Kemudian menderas. Aku sesenggukan.
Dia kemarin
datang dengan tawanya yang lebar seperti biasa. Mengajakku makan sambil
membahas acara kami dalam suatu kegiatan organisasi yang akan diselenggarakan
minggu depan. Aku iya-iya saja, karena memang sudah rutinitas kami seperti itu.

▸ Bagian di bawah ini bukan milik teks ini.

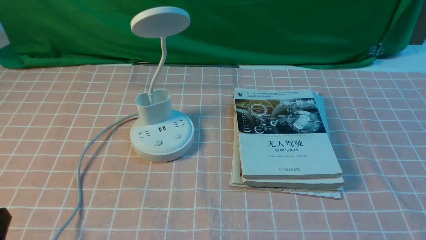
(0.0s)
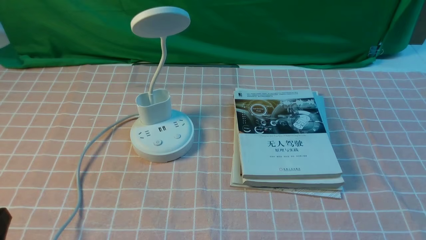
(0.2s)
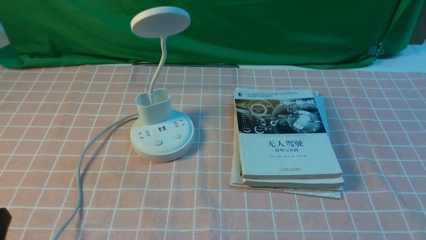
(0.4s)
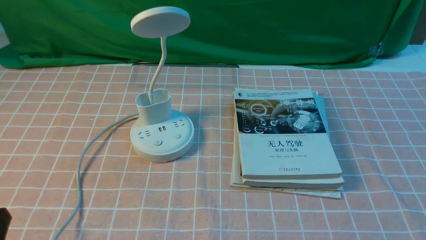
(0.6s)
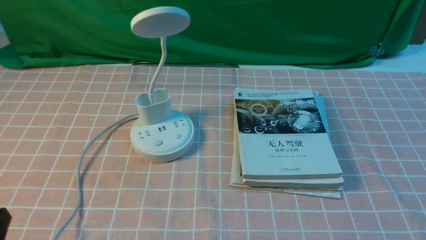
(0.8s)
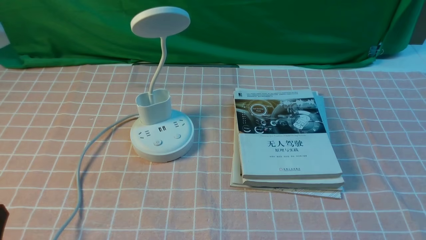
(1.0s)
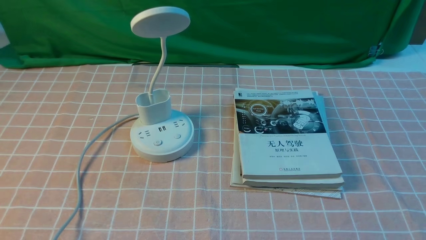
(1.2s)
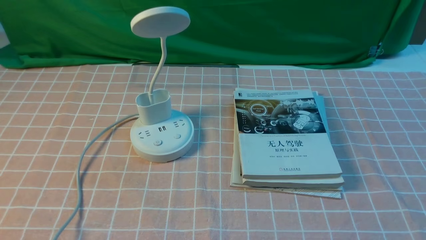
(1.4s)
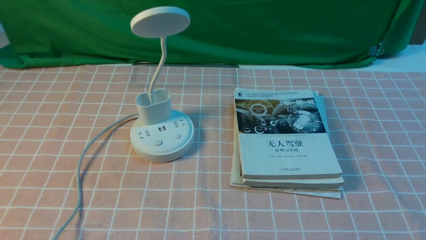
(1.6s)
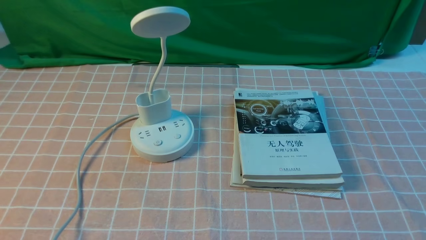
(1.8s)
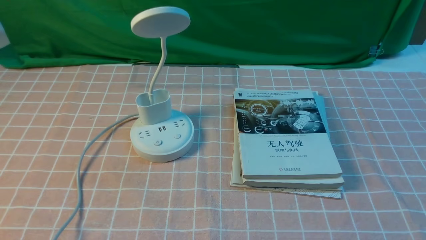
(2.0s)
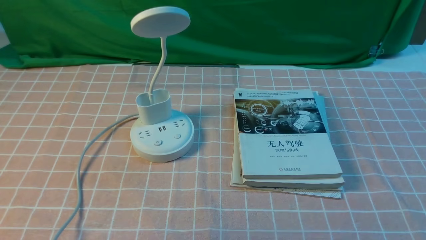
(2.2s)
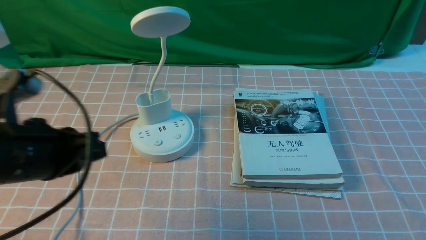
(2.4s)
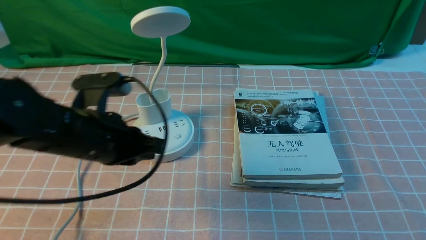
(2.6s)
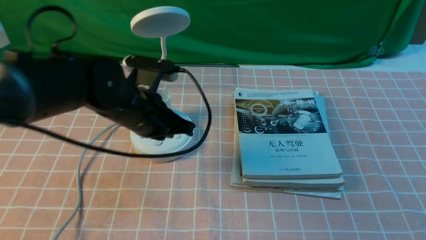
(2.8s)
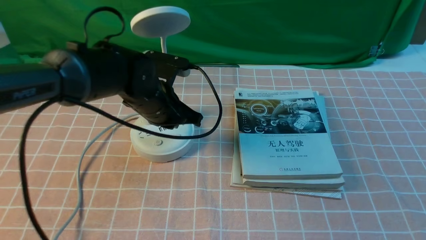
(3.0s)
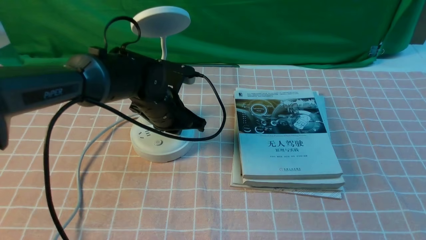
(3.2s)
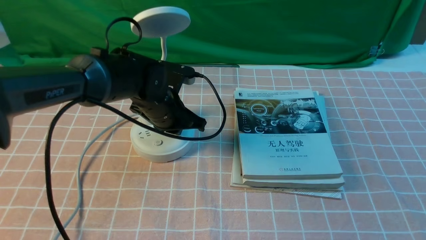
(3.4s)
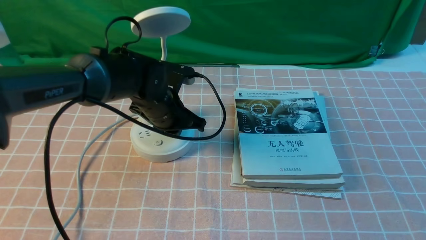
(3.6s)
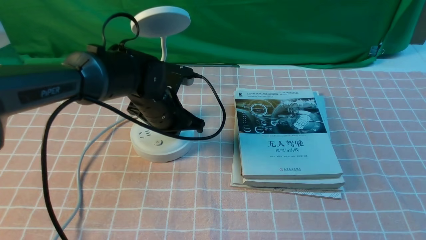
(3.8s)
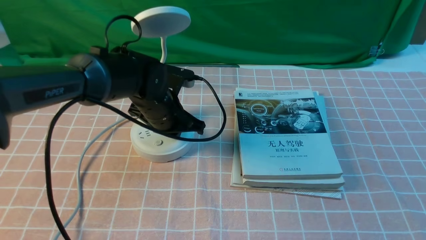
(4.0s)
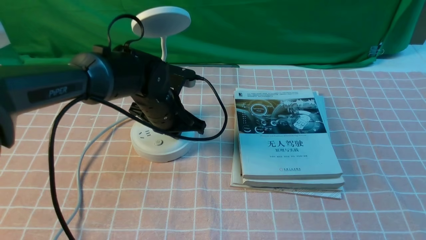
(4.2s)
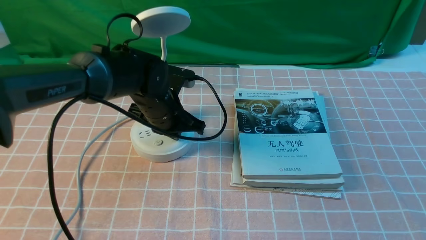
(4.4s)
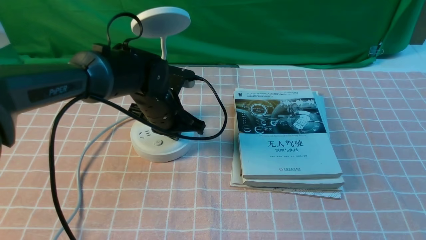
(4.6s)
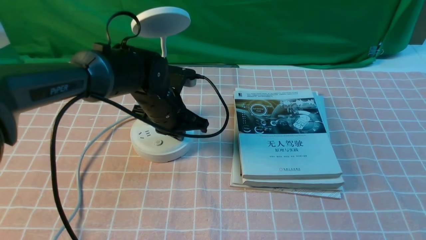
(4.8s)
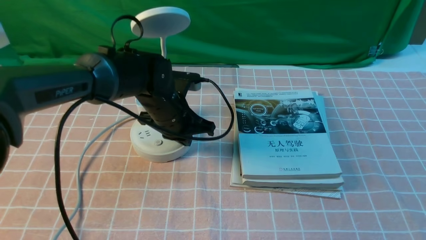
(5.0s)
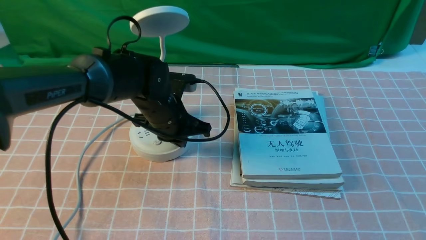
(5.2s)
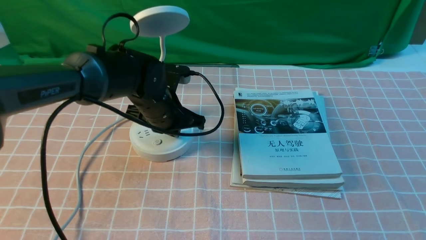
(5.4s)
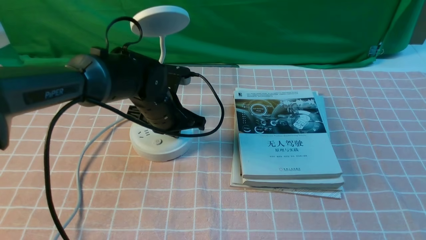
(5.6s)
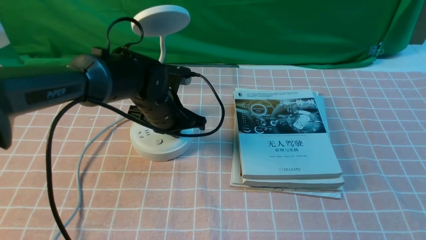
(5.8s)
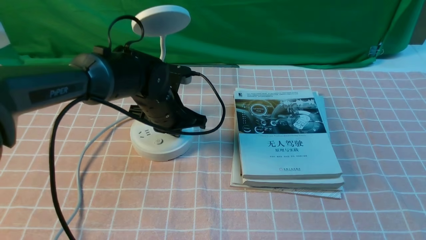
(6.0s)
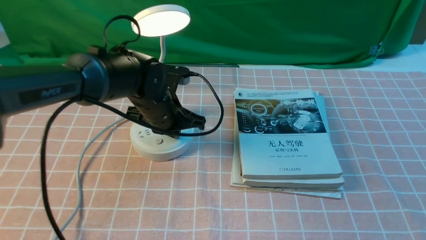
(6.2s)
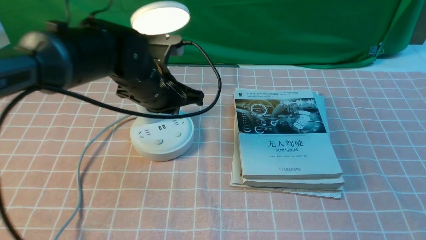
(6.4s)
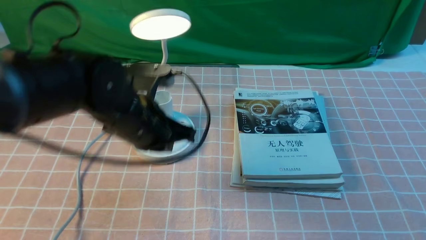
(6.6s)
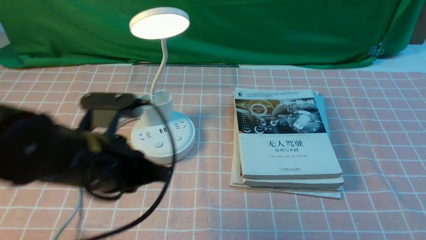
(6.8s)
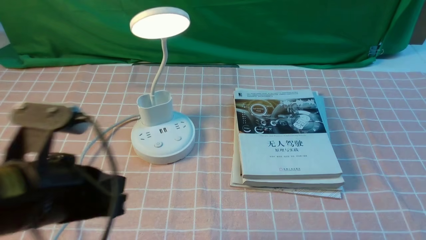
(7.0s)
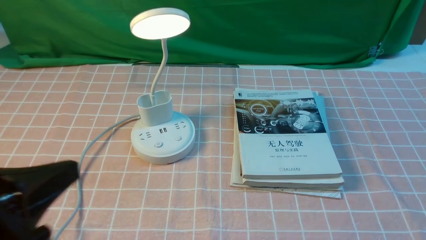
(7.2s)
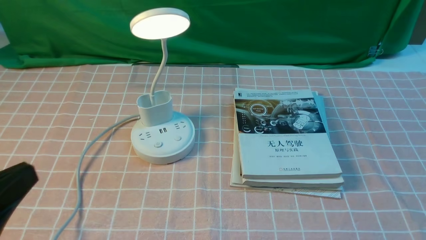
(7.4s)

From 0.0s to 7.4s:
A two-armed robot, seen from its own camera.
Step, from 0.0s to 6.2s: use the left arm to press the button switch on the lamp holder.
From 1.4s to 3.0s: The left gripper heads forward and to the right, covering about 35 cm.
From 3.0s to 6.0s: The grippers stay close to where they were, moving slightly.
From 6.0s to 7.4s: The left gripper moves backward and to the left, some 35 cm.

Tapi ternyata berbeda. Tengah asyik-asyiknya membaca susunan kegiatan,
seseorang datang ke tempat duduk kami. Tersenyum lebar. Aku mendongak,
menyipitkan mata. Tidak kenal. Tanpa diduga, dia bangkit dari duduknya. Aku
menoleh cepat ke arahnya. Ia mengedipkan sebelah mata, menyuruhku berdiri.
Aku dan orang
itu bersalaman dengan canggung. Duduk kembali dengan kikuk. Lantas dia menyuruh
orang itu memesan makanan. Sambil orang itu membuka daftar menu, dia berbisik
lirih di telingaku.
"Dia,
calonku. Bagaimana? Aku yakin, kamu akan setuju,"
Aku terdiam
cukup lama. Sampai makanan datang.
Aku berusaha
keras membujuk kerongkongan untuk menelan. Mengutuk lidah yang tak dapat
merasakan apa-apa. Dan aku tidak kuat.
Makananku belum habis, tapi aku merasa harus segera pergi dari situ.
Hatiku hancur.
Berkeping-keping
dan berserakan.
Maka, di sinilah
aku sekarang. Di rumah konglomerat bernama Google+, meringkuk di dalam kamar
dengan paviliun bernama Blogging.
Aku mencoba
membuka mata. Mengerjap beberapa kali, lantas membatin di sudut hati, ‘Penumbuh
semangatku, pembunuh hatiku.
‘Dimanapun kamu
berada sekarang, Selamat Malam. Semoga kamu tenang, baik-baik saja, dan
bahagia.’
Jadi, aku harus mempersiapkan hati untuk...... melepas dia?